Sadly, though, many people are struggling to find their way because of one circumstance or a combination of several. If I could help all these people, I would, but it’s a bold course of action that depends completely on these individuals making the choice to press on, staying positive and being thankful for what they’ve got.

Through a process of intricate, unnoticed evolution, I have become a member of the first group. Life goes so fast and is so damn full that I wish each day – even the ones that aren’t as good as the others – would go on like a broken record. Having a child has everything to do with this. I worry about age, time passing and the next phases coming before I’ve had a chance to appreciate the present.

It was not always like this. My life has been like an unstable business financial chart with more ups and downs than, looking back on it, I knew I was capable of withstanding.

High school was ups and downs but ended with a huge up my junior and senior years. This came down shortly thereafter following my freshman year of college. Didn’t know where I was headed.
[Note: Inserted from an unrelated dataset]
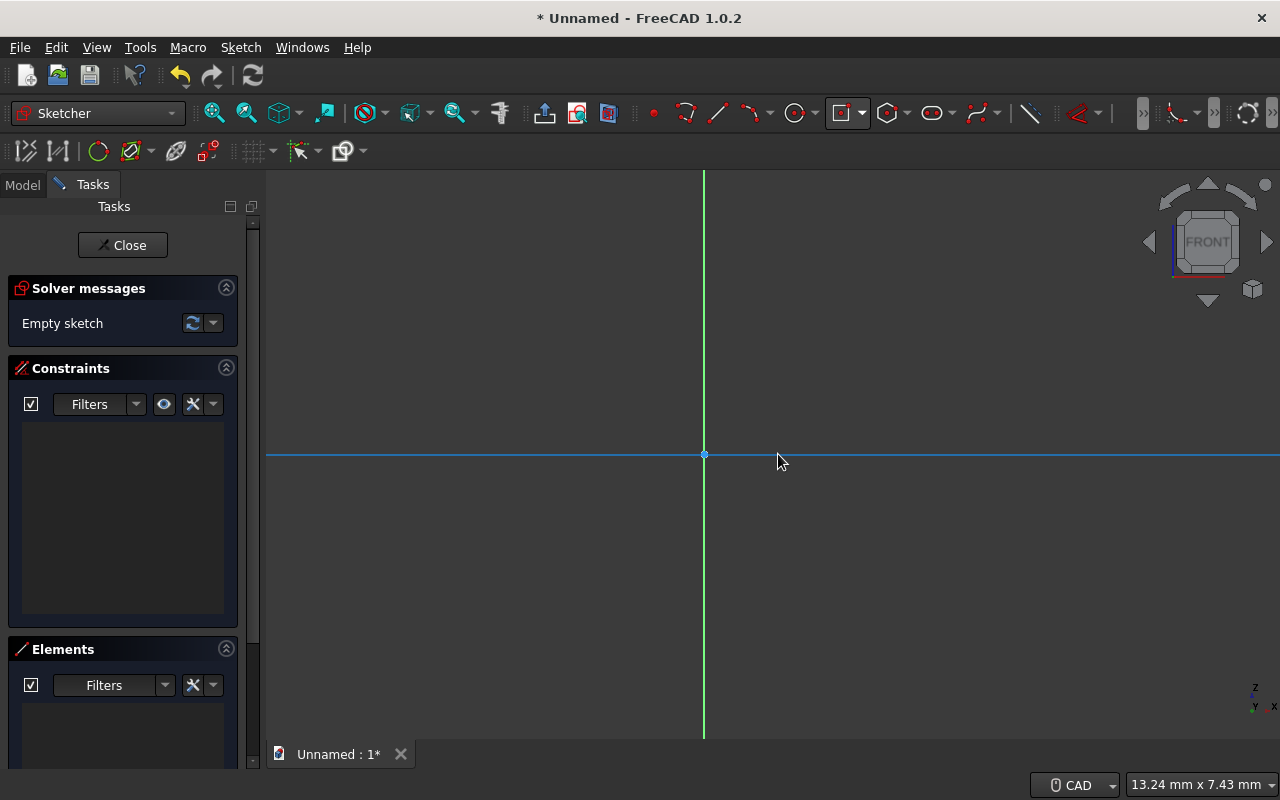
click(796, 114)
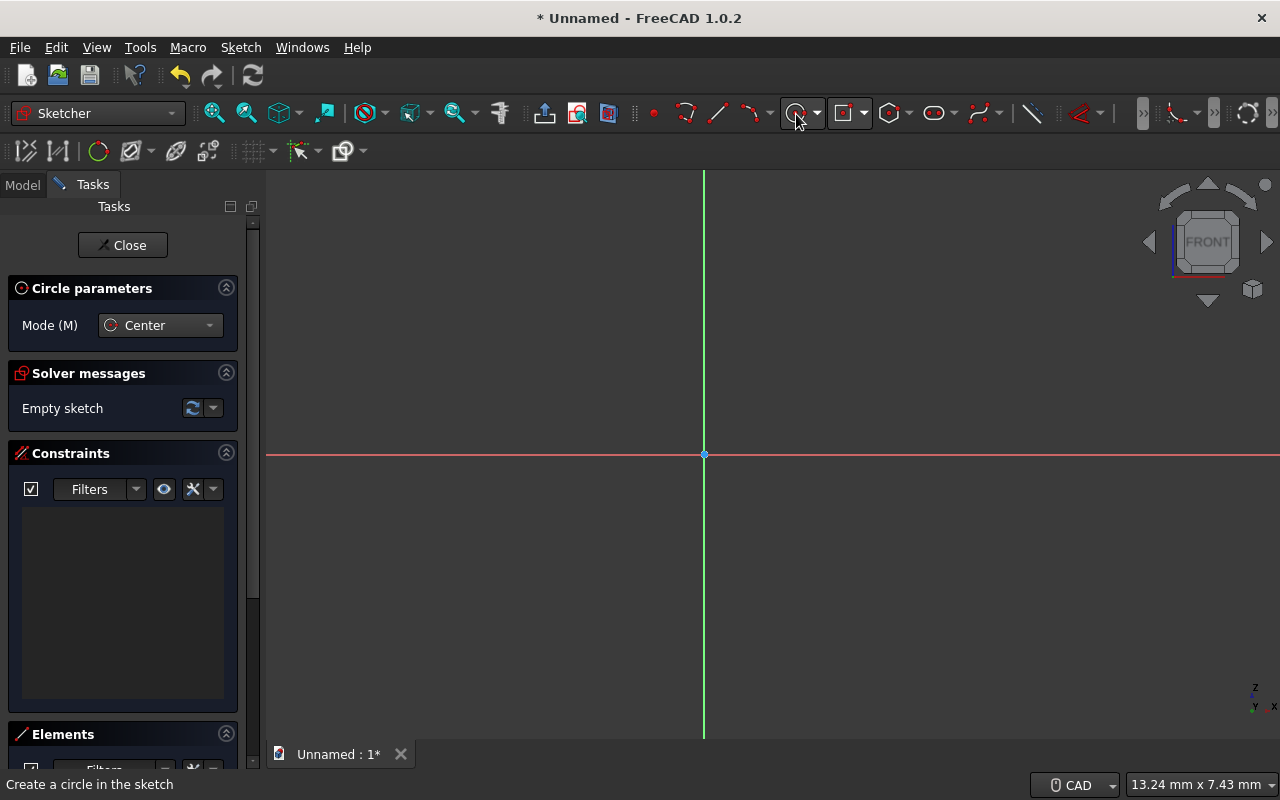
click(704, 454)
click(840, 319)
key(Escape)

Hated the town I lived in. Wanted a new one.

Then came Wilmington. My sophomore year was okay at first, but then I realized I’d made a lousy choice in The Port City – I was stuck there until graduation, though.

There’s not much worse than being imprisoned in an village faker than a plastic Christmas tree that’s full of people who represent all the reasons other countries hate America. Time for one of my all-time lows that lasted three years.

I couldn’t wait for college to end.

What got me out of this slump were the chats I’d have with myself – they were pep talks, if you will – on nightly runs, which turned into frequent bike rides. The silence of everything except the sound of your breathing and the rhythm of your sneakers on the pavement or hum of a bike tire on a road leaves you with little capacity for anything else.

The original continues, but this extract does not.